Some $550 was found to be available. Of this $500 was found in the shape of checks for rent and $50 was found in an inside pocket of Sheedy's vest. Mrs. Sheedy had the coat and was washing the blood from it when he cautioned her that she had better not do that. She said that she had found no money in it. Witness knew that it had formerly been Sheedy's custom to carry about him in his pockets several hundred dollars. That was some time before.

Upon cross examination witness stated that Sheedy had told him during the night after the assault that he suspected George Bradeen, Mose Smith, Alex Jetes and Frank Williams.

He also testified that Sheedy had employed detectives to watch him and preserve him from a possible assault by his enemies.

Ghoulish Work on Sheedy's Body.

On cross examination Dr. Winnet said the opinion of the doctors at the Sheedy house on Monday after the assault, possibly with the exceptions of Dr. Woodward, was that death was due to pressure of the brain was present at the autopsy; the examination comprised the brain, the organs of the chest, the liver, the kidneys and other organs and the stomach was taken out; saw Mr. Strode there and remember that an effort was made to exclude him or any one representing Mrs. Sheedy.
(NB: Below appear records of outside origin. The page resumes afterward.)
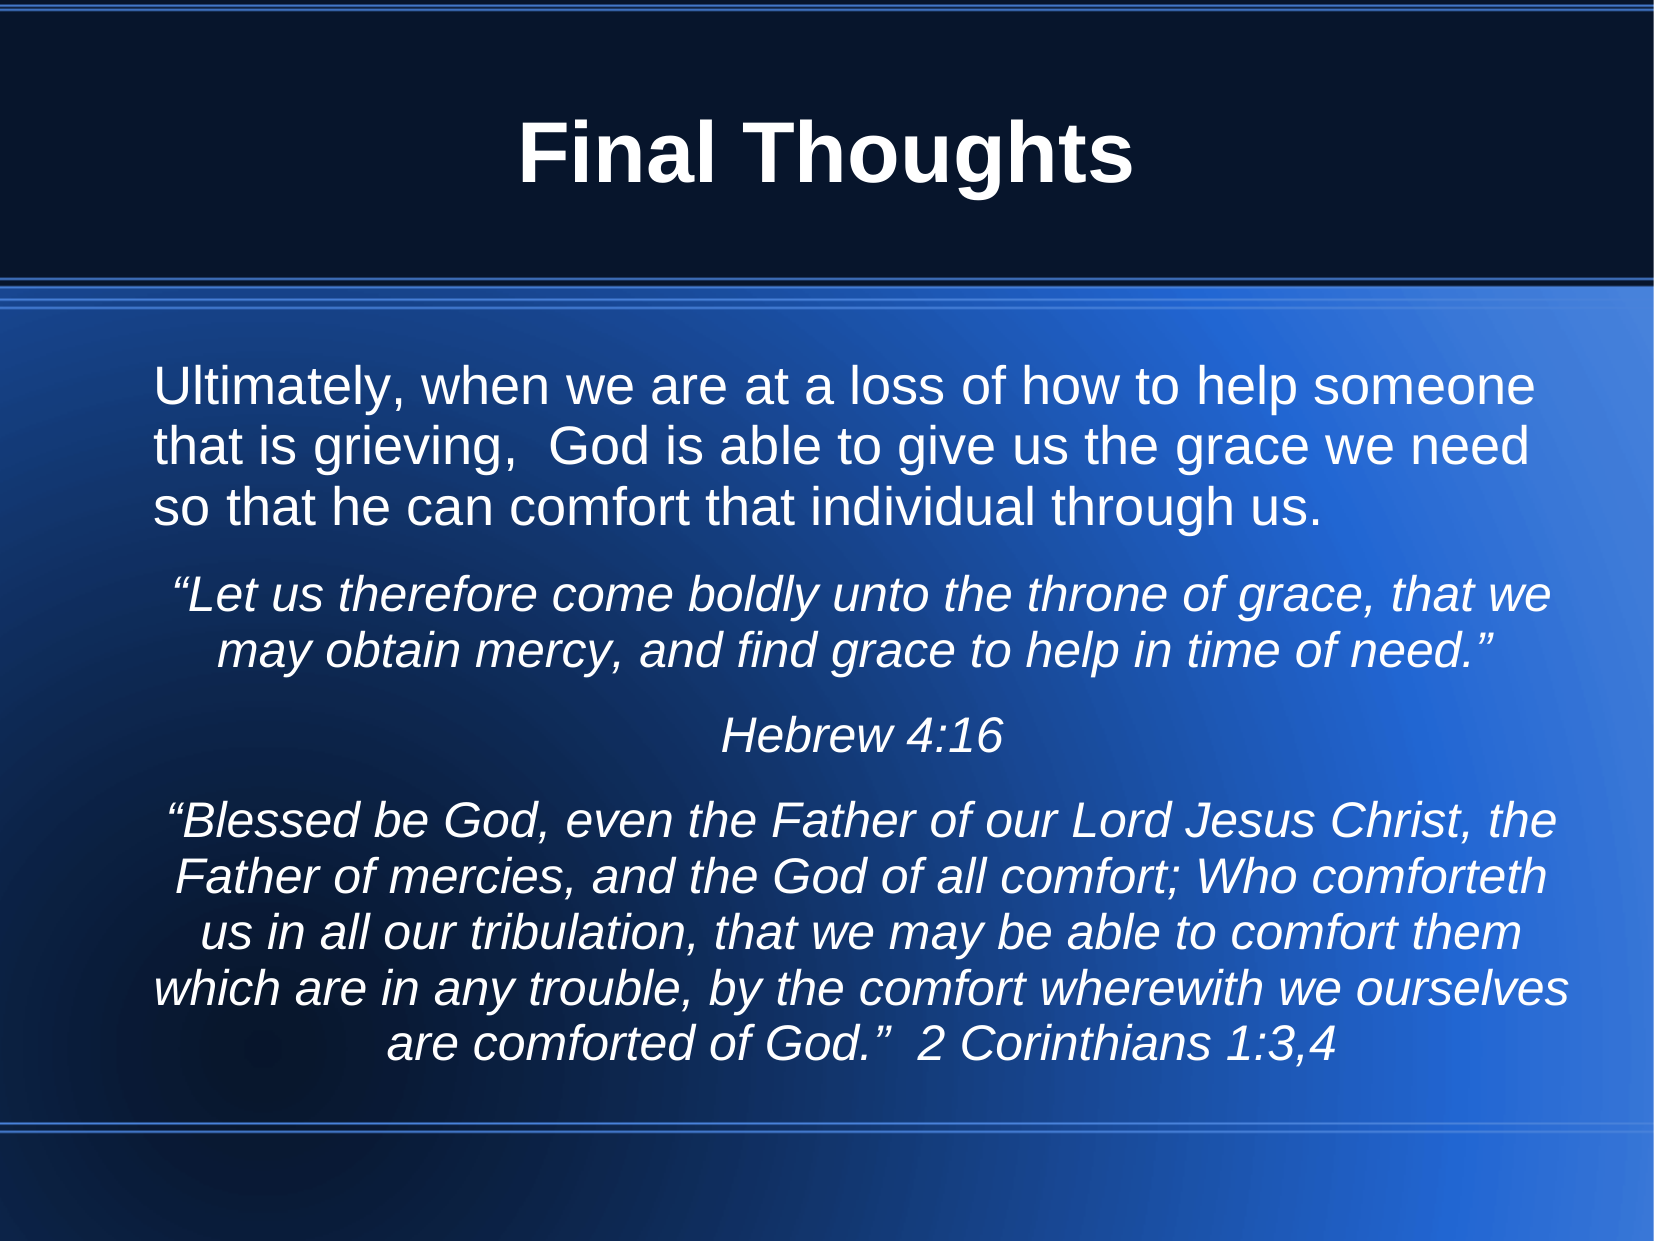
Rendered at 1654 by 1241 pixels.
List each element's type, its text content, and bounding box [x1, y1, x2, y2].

picture [0, 0, 1654, 1241]
title Final Thoughts [82, 49, 1571, 257]
list Ultimately, when we are at a loss of how to help someone that is grieving, God is able to give us the grace we need so that he can comfort that individual through us. “Let us therefore come boldly unto the throne of grace, that we may obtain mercy, and find grace to help in time of need.” Hebrew 4:16 “Blessed be God, even the Father of our Lord Jesus Christ, the Father of mercies, and the God of all comfort; Who comforteth us in all our tribulation, that we may be able to comfort them which are in any trouble, by the comfort wherewith we ourselves are comforted of God.” 2 Corinthians 1:3,4 [82, 355, 1571, 1070]
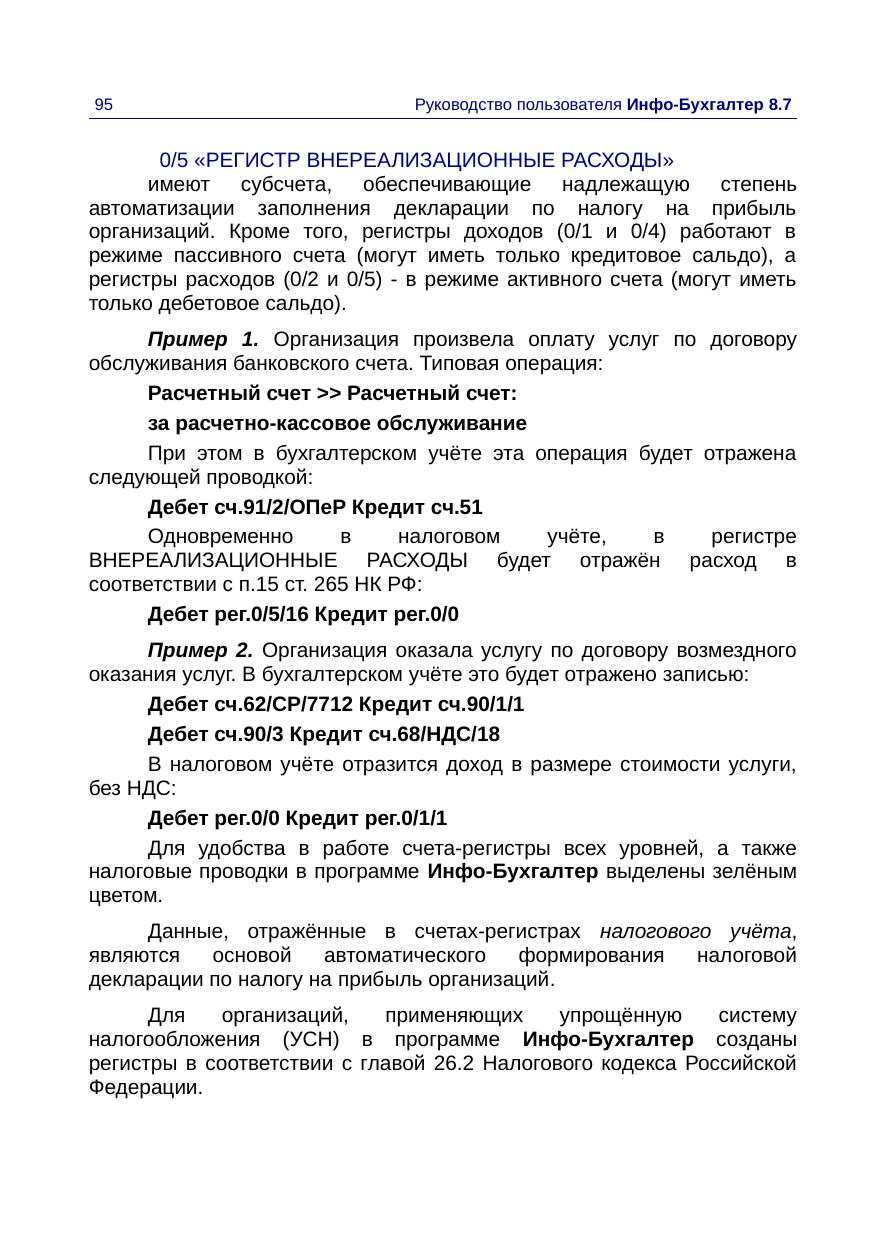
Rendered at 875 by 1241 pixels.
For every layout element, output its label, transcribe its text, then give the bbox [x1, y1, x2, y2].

text Дебет сч.62/СР/7712 Кредит сч.90/1/1 [88, 692, 797, 716]
text Данные, отражённые в счетах-регистрах налогового учёта, являются основой автоматического формирования налоговой декларации по налогу на прибыль организаций. [88, 919, 797, 991]
text В налоговом учёте отразится доход в размере стоимости услуги, без НДС: [88, 752, 797, 799]
text Одновременно в налоговом учёте, в регистре ВНЕРЕАЛИЗАЦИОННЫЕ РАСХОДЫ будет отражён расход в соответствии с п.15 ст. 265 НК РФ: [88, 524, 797, 596]
text Пример 1. Организация произвела оплату услуг по договору обслуживания банковского счета. Типовая операция: [88, 327, 797, 375]
text Для организаций, применяющих упрощённую систему налогообложения (УСН) в программе Инфо-Бухгалтер созданы регистры в соответствии с главой 26.2 Налогового кодекса Российской Федерации. [88, 1003, 797, 1098]
text 0/5 «РЕГИСТР ВНЕРЕАЛИЗАЦИОННЫЕ РАСХОДЫ» [159, 147, 791, 171]
text Дебет сч.90/3 Кредит сч.68/НДС/18 [88, 722, 797, 746]
text Дебет рег.0/5/16 Кредит рег.0/0 [88, 602, 797, 626]
text Дебет сч.91/2/ОПеР Кредит сч.51 [88, 494, 797, 518]
text Для удобства в работе счета-регистры всех уровней, а также налоговые проводки в программе Инфо-Бухгалтер выделены зелёным цветом. [88, 835, 797, 907]
text Пример 2. Организация оказала услугу по договору возмездного оказания услуг. В бухгалтерском учёте это будет отражено записью: [88, 638, 797, 686]
text Расчетный счет >> Расчетный счет: [88, 381, 797, 405]
text При этом в бухгалтерском учёте эта операция будет отражена следующей проводкой: [88, 441, 797, 488]
text за расчетно-кассовое обслуживание [88, 411, 797, 435]
text имеют субсчета, обеспечивающие надлежащую степень автоматизации заполнения декларации по налогу на прибыль организаций. Кроме того, регистры доходов (0/1 и 0/4) работают в режиме пассивного счета (могут иметь только кредитовое сальдо), а регистры расходов (0/2 и 0/5) - в режиме активного счета (могут иметь только дебетовое сальдо). [88, 171, 797, 315]
text Дебет рег.0/0 Кредит рег.0/1/1 [88, 805, 797, 829]
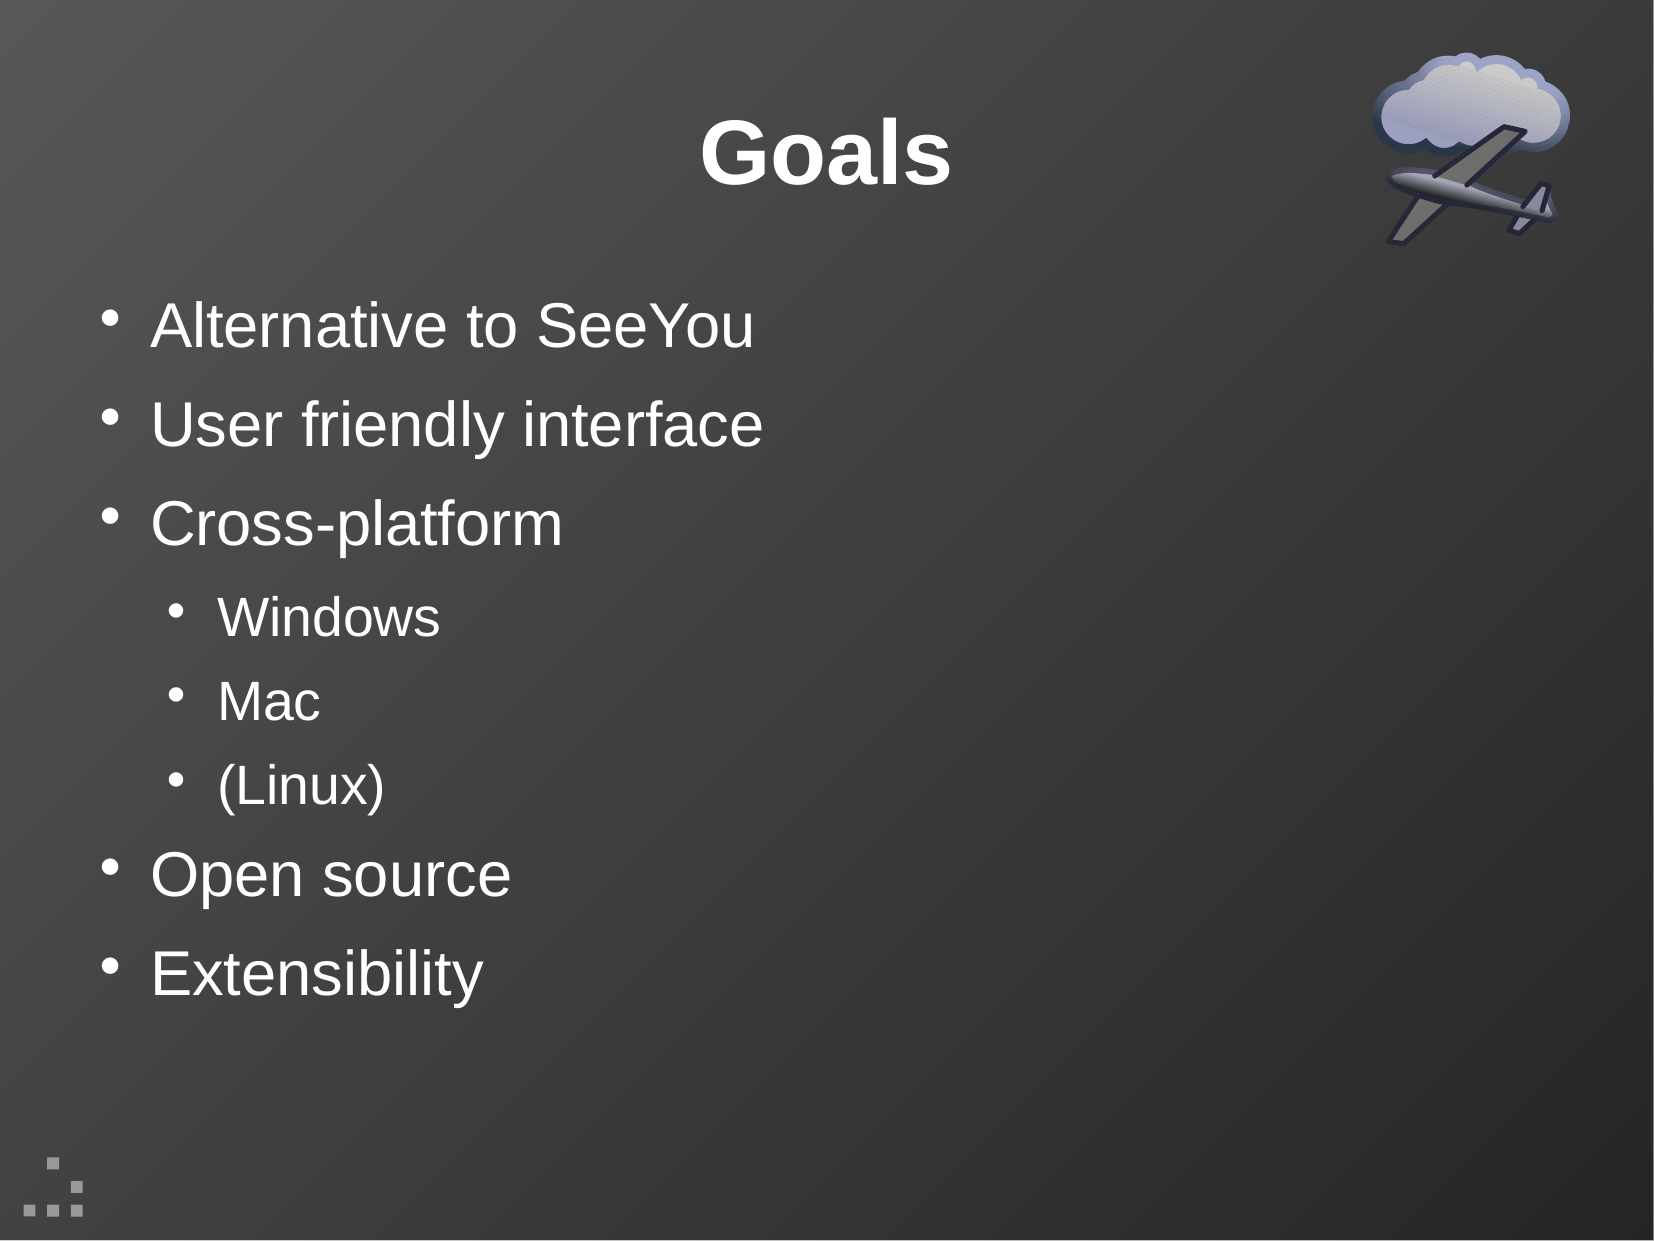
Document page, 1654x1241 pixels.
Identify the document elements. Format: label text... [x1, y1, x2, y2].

title Goals [82, 49, 1571, 257]
list Alternative to SeeYou User friendly interface Cross-platform Windows Mac (Linux) Open source Extensibility [82, 290, 1538, 1010]
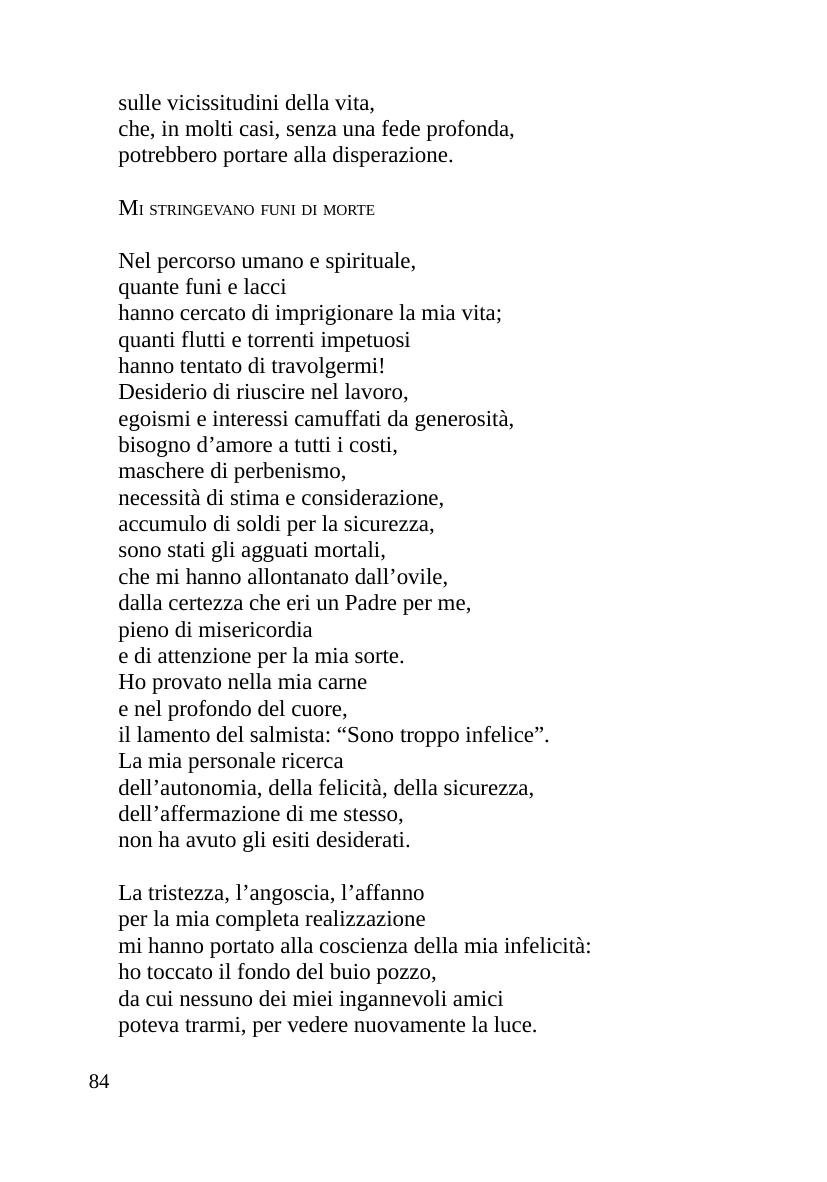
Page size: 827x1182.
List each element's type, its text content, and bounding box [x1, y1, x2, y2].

text che, in molti casi, senza una fede profonda, [88, 115, 738, 141]
text egoismi e interessi camuffati da generosità, [88, 405, 738, 431]
text mi hanno portato alla coscienza della mia infelicità: [88, 932, 738, 958]
text hanno cercato di imprigionare la mia vita; [88, 299, 738, 326]
text quanti flutti e torrenti impetuosi [88, 326, 738, 352]
text sono stati gli agguati mortali, [88, 537, 738, 563]
text necessità di stima e considerazione, [88, 484, 738, 510]
text che mi hanno allontanato dall’ovile, [88, 563, 738, 589]
text poteva trarmi, per vedere nuovamente la luce. [88, 1011, 738, 1037]
text dell’affermazione di me stesso, [88, 800, 738, 826]
text La tristezza, l’angoscia, l’affanno [88, 879, 738, 906]
text ho toccato il fondo del buio pozzo, [88, 958, 738, 984]
text maschere di perbenismo, [88, 457, 738, 484]
text non ha avuto gli esiti desiderati. [88, 826, 738, 853]
text Nel percorso umano e spirituale, [88, 247, 738, 273]
text accumulo di soldi per la sicurezza, [88, 510, 738, 537]
text per la mia completa realizzazione [88, 906, 738, 932]
text hanno tentato di travolgermi! [88, 352, 738, 378]
text Ho provato nella mia carne [88, 668, 738, 695]
text quante funi e lacci [88, 273, 738, 299]
text La mia personale ricerca [88, 747, 738, 774]
text pieno di misericordia [88, 616, 738, 642]
text e nel profondo del cuore, [88, 695, 738, 721]
text il lamento del salmista: “Sono troppo infelice”. [88, 721, 738, 747]
text sulle vicissitudini della vita, [88, 88, 738, 115]
text e di attenzione per la mia sorte. [88, 642, 738, 668]
text da cui nessuno dei miei ingannevoli amici [88, 984, 738, 1011]
text bisogno d’amore a tutti i costi, [88, 431, 738, 457]
text dell’autonomia, della felicità, della sicurezza, [88, 774, 738, 800]
text Mi stringevano funi di morte [88, 194, 738, 220]
text Desiderio di riuscire nel lavoro, [88, 378, 738, 405]
text potrebbero portare alla disperazione. [88, 141, 738, 168]
text dalla certezza che eri un Padre per me, [88, 589, 738, 616]

Witness saw no superfluous moisture in the brain. He described the old bullet wound found in the back of the head and some bleeding of the brain around it, owing, he thought, to the removal of the brain from the skull; also described an old and slight depression in the forehead.

Questions brought out the fact that Sheedy's body had been taken up about four weeks ago under orders of County Attorney Snell and parts removed to Robert's undertaking shop. It was at that time that the head was cut off, and subsequently the flesh was removed to show the grinning skull.

"Who were present?" asked Mr. Strode.

"Prof. Haines of Chicago, Dr. Everett, Mr. Roberts, a gentleman I supposed to be his partner and the sexton at the cemetery."

"Who took any of the organs besides the parts you took?"

"Prof. Haines."

"What did he take?"

"The liver and the bladder."

"You have kept this a profound secret, have you not doctor, according to instructions?"

"Don't know as I had any instructions, but did keep it more or less a secret."

"Under whose instructions was this done?"

"Mr. Snell's."

Confusing a Doctor.

Dr. Winnett gave at his opinion that morphine poison would not show its symptoms until thirty to fifty minutes had passed. Mr. Strode quoted from a book saying the symptoms should be manifest in from five to twenty minutes. He continued:

"Doctor will you give me a single authority which says it requires from thirty to fifty minutes?"

"I attained that impression from reading a tabulated statement of 200 cases of morphine poisoning."

"What was that statement published in?"

"In the half-yearly abstract of medical science."

"Have you that table with you?"

The book was produced and Mr. Strode asked the witness to show him where it was stated that from thirty to fifty minutes was required for the manifestations, and the witness failed to find it.

He said that his impressions from his own practice were to that effect; he had noticed no symptoms in Sheedy's case which might not have been attributed to compression of the brain; the blow administered to Sheedy was sufficient to produce either compression or concussion.

The cadaver was then produced and the witness explained the various fractures in the bones of the face, none of which were through the skull, and explained that it took a very severe blow to inflict them. He thought that the blow was sufficient to produce death, but he didn't think that it produced death in this instance.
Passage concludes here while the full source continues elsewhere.